### [Record extracts]
:::

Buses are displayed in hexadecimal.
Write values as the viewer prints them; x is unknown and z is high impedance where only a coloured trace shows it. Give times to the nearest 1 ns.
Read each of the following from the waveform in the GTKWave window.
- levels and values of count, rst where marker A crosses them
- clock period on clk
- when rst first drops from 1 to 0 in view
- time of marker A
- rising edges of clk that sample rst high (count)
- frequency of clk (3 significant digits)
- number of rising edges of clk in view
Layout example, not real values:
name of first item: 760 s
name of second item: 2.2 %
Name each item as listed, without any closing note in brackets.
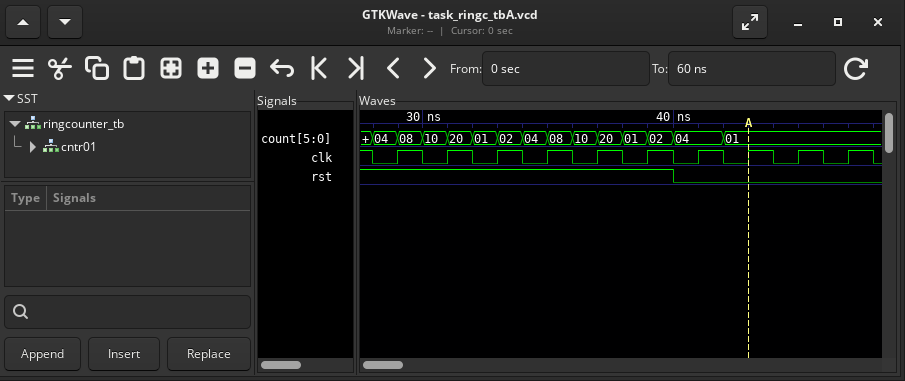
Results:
levels and values of count, rst where marker A crosses them: count=01, rst=0
clock period on clk: 2 ns
when rst first drops from 1 to 0 in view: 40 ns
time of marker A: 43 ns
rising edges of clk that sample rst high: 6
frequency of clk: 500 MHz
number of rising edges of clk in view: 10

:::

What is needed is every entry above, repeated exactly, with the pictures dropped.

### [Solution to this problem]
Buses are displayed in hexadecimal.
Write values as the viewer prints them; x is unknown and z is high impedance where only a coloured trace shows it. Give times to the nearest 1 ns.
Read each of the following from the waveform in the GTKWave window.
- levels and values of count, rst where marker A crosses them
- clock period on clk
- when rst first drops from 1 to 0 in view
- time of marker A
- rising edges of clk that sample rst high (count)
- frequency of clk (3 significant digits)
- number of rising edges of clk in view
Layout example, not real values:
name of first item: 760 s
name of second item: 2.2 %
Name each item as listed, without any closing note in brackets.
Results:
levels and values of count, rst where marker A crosses them: count=01, rst=0
clock period on clk: 2 ns
when rst first drops from 1 to 0 in view: 40 ns
time of marker A: 43 ns
rising edges of clk that sample rst high: 6
frequency of clk: 500 MHz
number of rising edges of clk in view: 10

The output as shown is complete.